* **WHAT YOU WILL DO**: Print the entries underneath word for word, omitting whatever pictures they contain.

-- EXCERPTED RECORDS follows --

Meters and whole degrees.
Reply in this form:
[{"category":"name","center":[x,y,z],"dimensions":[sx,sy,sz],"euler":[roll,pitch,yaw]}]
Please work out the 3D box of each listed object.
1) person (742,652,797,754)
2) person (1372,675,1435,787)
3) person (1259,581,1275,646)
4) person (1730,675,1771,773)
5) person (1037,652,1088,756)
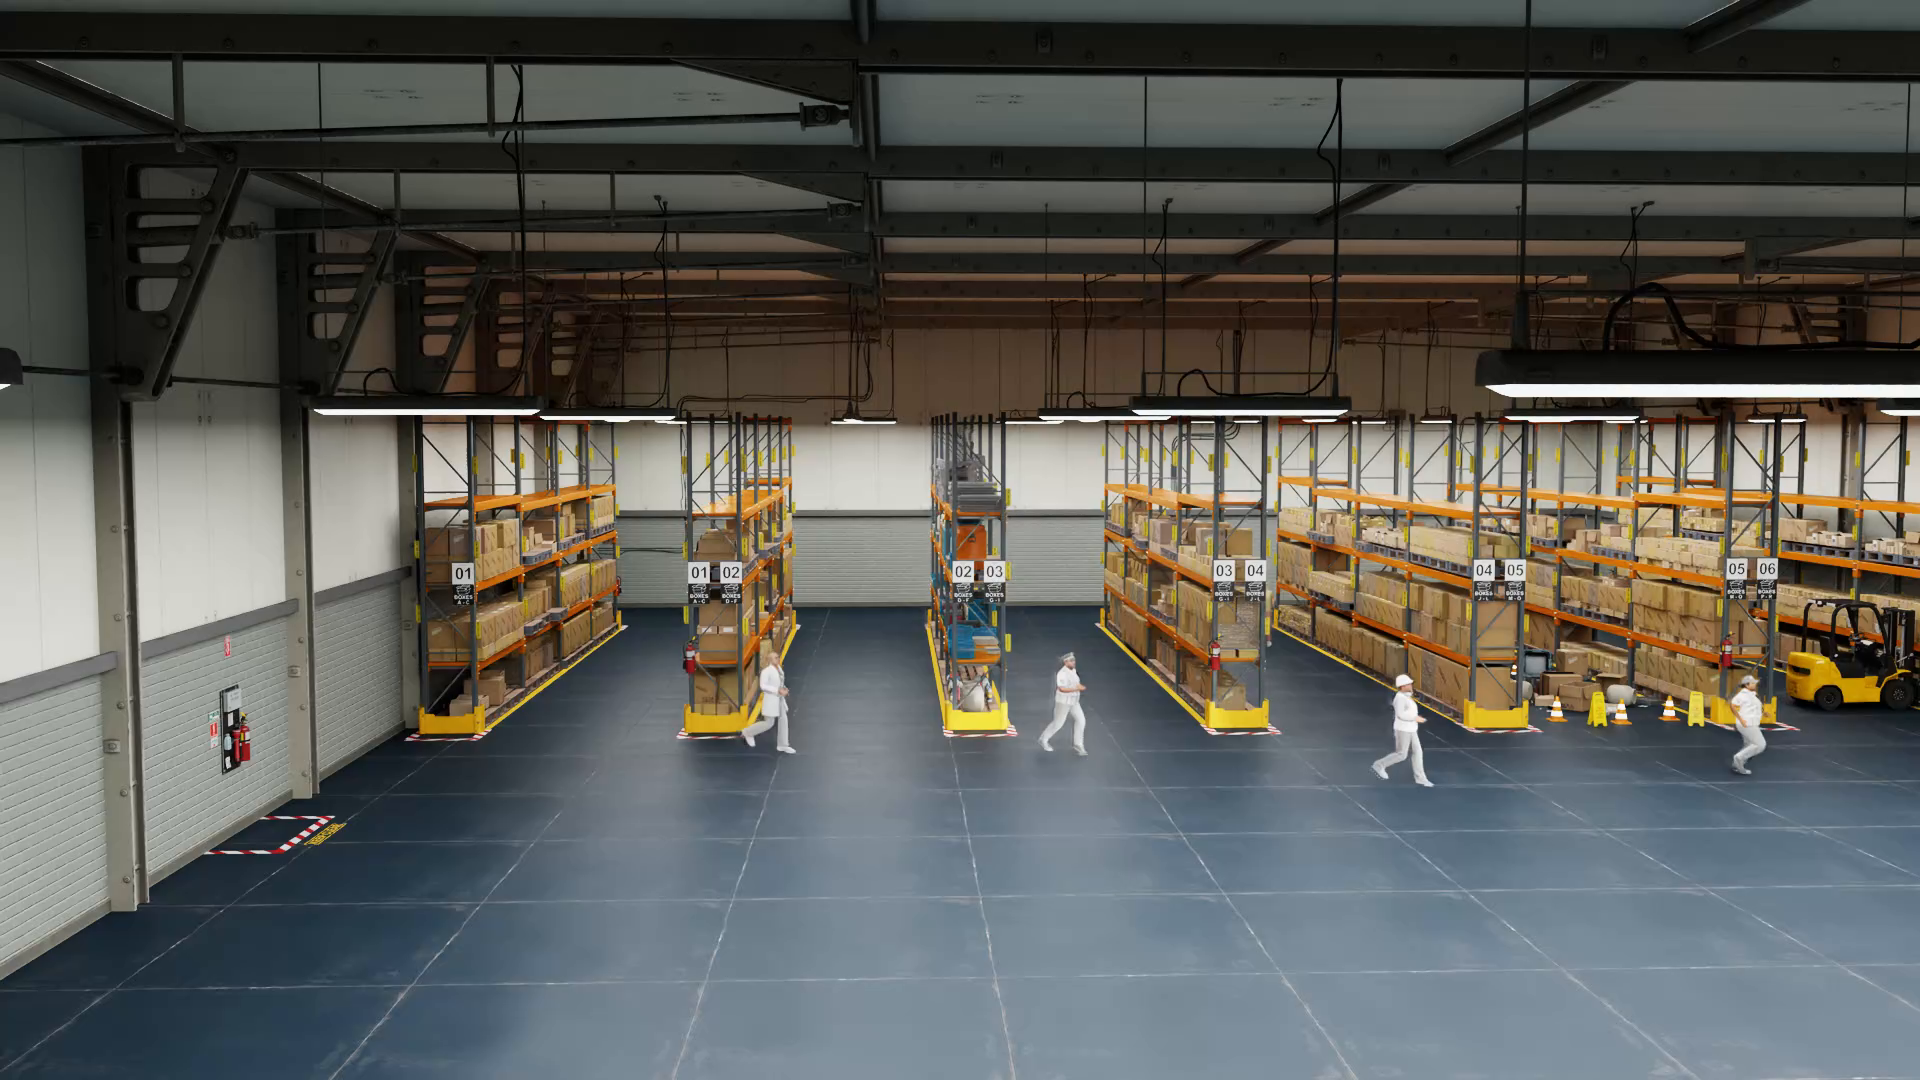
[{"category":"person","center":[-3.330,2.852,29.289],"dimensions":[0.990,1.783,0.719],"euler":[2,4,25]},{"category":"person","center":[7.084,3.032,26.508],"dimensions":[0.963,1.778,0.673],"euler":[2,4,26]},{"category":"person","center":[7.986,1.899,43.555],"dimensions":[0.569,1.665,0.959],"euler":[0,4,0]},{"category":"person","center":[13.003,3.042,27.332],"dimensions":[0.574,1.626,0.593],"euler":[3,5,37]},{"category":"person","center":[1.830,2.862,29.102],"dimensions":[0.927,1.842,0.652],"euler":[3,5,35]}]
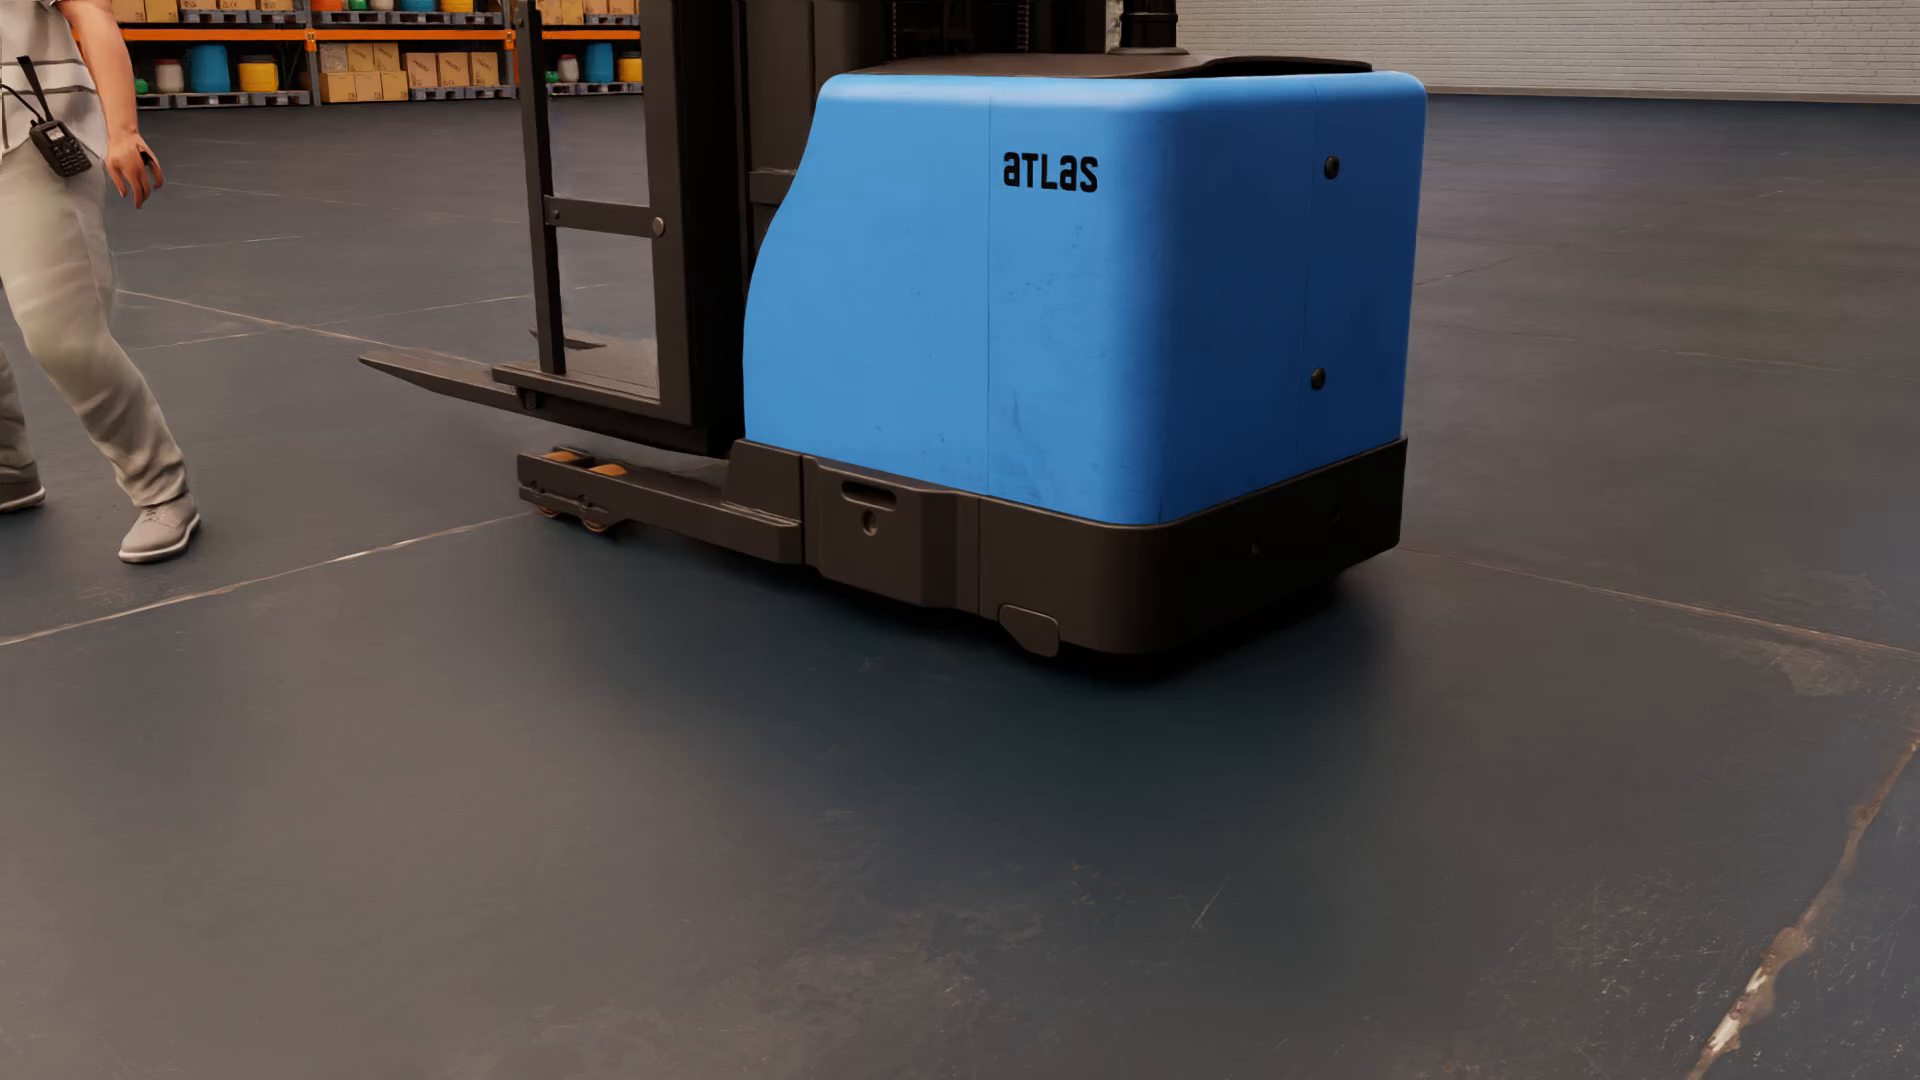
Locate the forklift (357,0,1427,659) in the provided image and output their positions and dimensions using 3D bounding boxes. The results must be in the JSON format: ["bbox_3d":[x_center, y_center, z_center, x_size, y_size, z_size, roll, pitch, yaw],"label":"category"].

-- EXCERPTED RECORDS concluded --

* **SOLUTION**:
Meters and whole degrees.
Reply in this form:
[{"category":"name","center":[x,y,z],"dimensions":[sx,sy,sz],"euler":[roll,pitch,yaw]}]
Please work out the 3D box of each listed object.
1) person (742,652,797,754)
2) person (1372,675,1435,787)
3) person (1259,581,1275,646)
4) person (1730,675,1771,773)
5) person (1037,652,1088,756)
[{"category":"person","center":[-3.330,2.852,29.289],"dimensions":[0.990,1.783,0.719],"euler":[2,4,25]},{"category":"person","center":[7.084,3.032,26.508],"dimensions":[0.963,1.778,0.673],"euler":[2,4,26]},{"category":"person","center":[7.986,1.899,43.555],"dimensions":[0.569,1.665,0.959],"euler":[0,4,0]},{"category":"person","center":[13.003,3.042,27.332],"dimensions":[0.574,1.626,0.593],"euler":[3,5,37]},{"category":"person","center":[1.830,2.862,29.102],"dimensions":[0.927,1.842,0.652],"euler":[3,5,35]}]
Locate the forklift (357,0,1427,659) in the provided image and output their positions and dimensions using 3D bounding boxes. The results must be in the JSON format: ["bbox_3d":[x_center, y_center, z_center, x_size, y_size, z_size, roll, pitch, yaw],"label":"category"].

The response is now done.